A burst of galactic cosmic rays, indicating a crack in the Earth’s atmosphere, has been detected by Indian scientists. The world’s largest and most sensitive cosmic ray monitor located in India recorded the happening. The burst is being said to have occurred when a giant cloud of plasma ejected from the solar corona struck Earth at a very high speed causing massive compression of the Earth’s magnetosphere and triggering a severe geomagnetic storm.

A similar burst of galactic cosmic rays was recorded last year by GRAPES-3 muon telescope located at the Tata Institute of Fundamental Research’s Cosmic Ray Laboratory in Ooty, a town in the southern Indian state of Tamil Nadu.

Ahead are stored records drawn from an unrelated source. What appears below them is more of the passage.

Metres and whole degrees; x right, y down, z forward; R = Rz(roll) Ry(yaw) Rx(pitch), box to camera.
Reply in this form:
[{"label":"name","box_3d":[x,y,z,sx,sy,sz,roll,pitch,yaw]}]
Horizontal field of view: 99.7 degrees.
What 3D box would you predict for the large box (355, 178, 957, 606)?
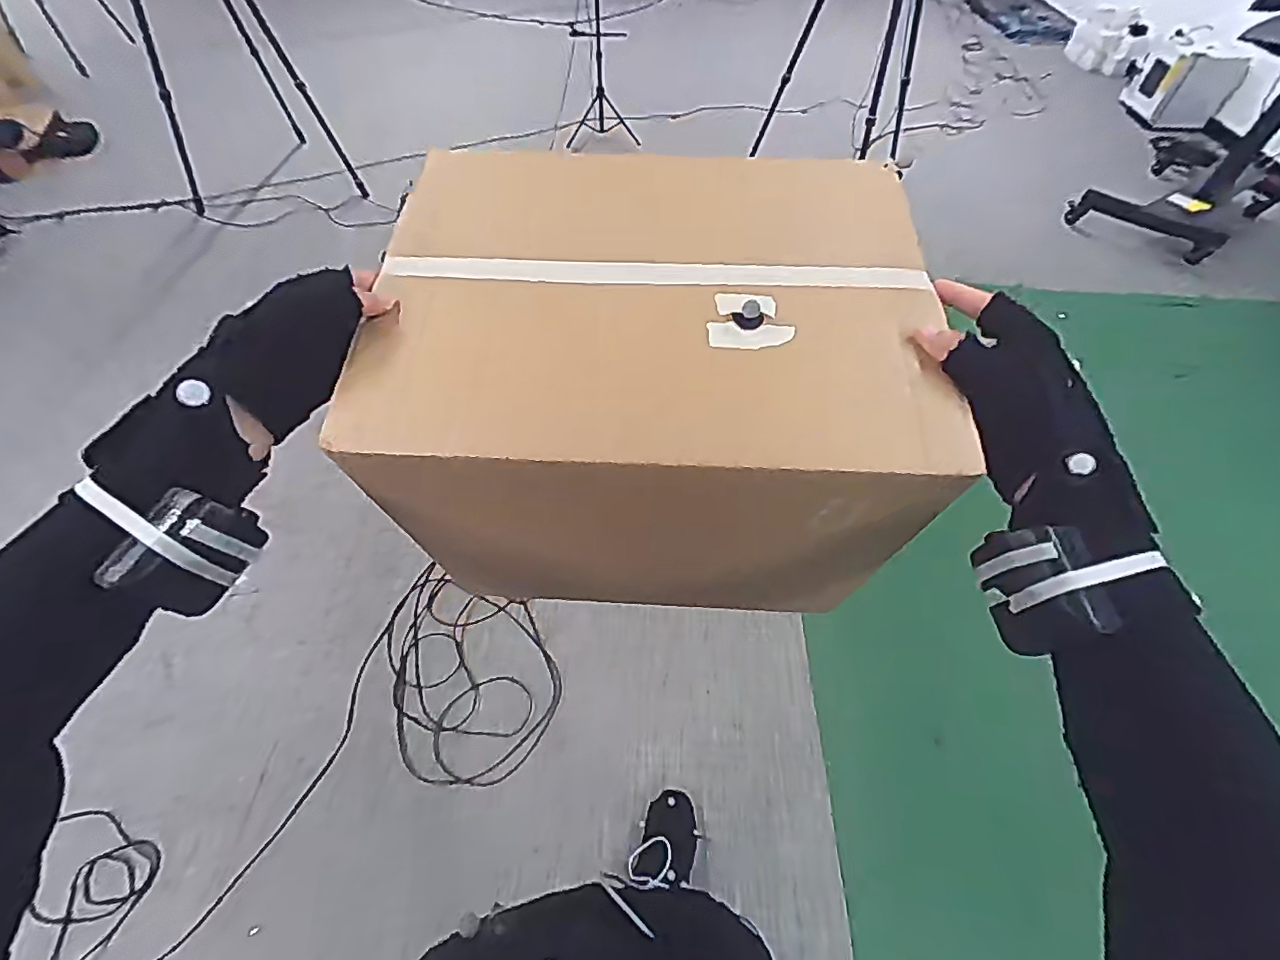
[{"label":"large box","box_3d":[0.012,-0.068,0.553,0.408,0.320,0.320,3,61,1]}]

GRAPES-3 (Gamma Ray Astronomy PeV EnergieS phase-3) is a collaboration of Tata Institute of Fundamental Research and several Indian and Japanese institutes. It is designed to study cosmic rays with an array of air shower detectors and a large area muon detector; and it is the largest and most sensitive cosmic ray monitor operating on Earth.

The plasma which ejected from the solar corona moved at a speed of about 2.5 million km/hand struck Earth, causing a severe compression of Earth’s magnetosphere from 11 to 4 times the radius of the planet. The burst triggered a severe geomagnetic storm that generated aurora borealis and radio signal blackouts in many high latitude countries.

Earth’s magnetosphere is like a defence system protecting the Earth from the continuous flow of solar and galactic cosmic rays. Extending over a radius of millions of kilometres, the magnetosphere protects life on Earth from the high intensity energy radiations.

GRAPES-3 researches, including those by Pravata K Mohanty, performed numerical simulations, indicating that the Earth’s magnetic shield temporarily cracked due to the occurrence of magnetic reconnection, allowing the lower energy galactic cosmic ray particles to enter our atmosphere.

Earth’s magnetic field bent these particles about 180 degree, from the day-side to the night-side of the Earth where it was detected as a burst by the telescope.

An in-house team of physicists and engineers at the laboratory in Ooty analysed and interpreted the data through extensive simulation over several weeks.

Solar storms can cause major disruption to human civilisation by crippling large electrical power grids, global positioning systems (GPS), satellite operations and communications.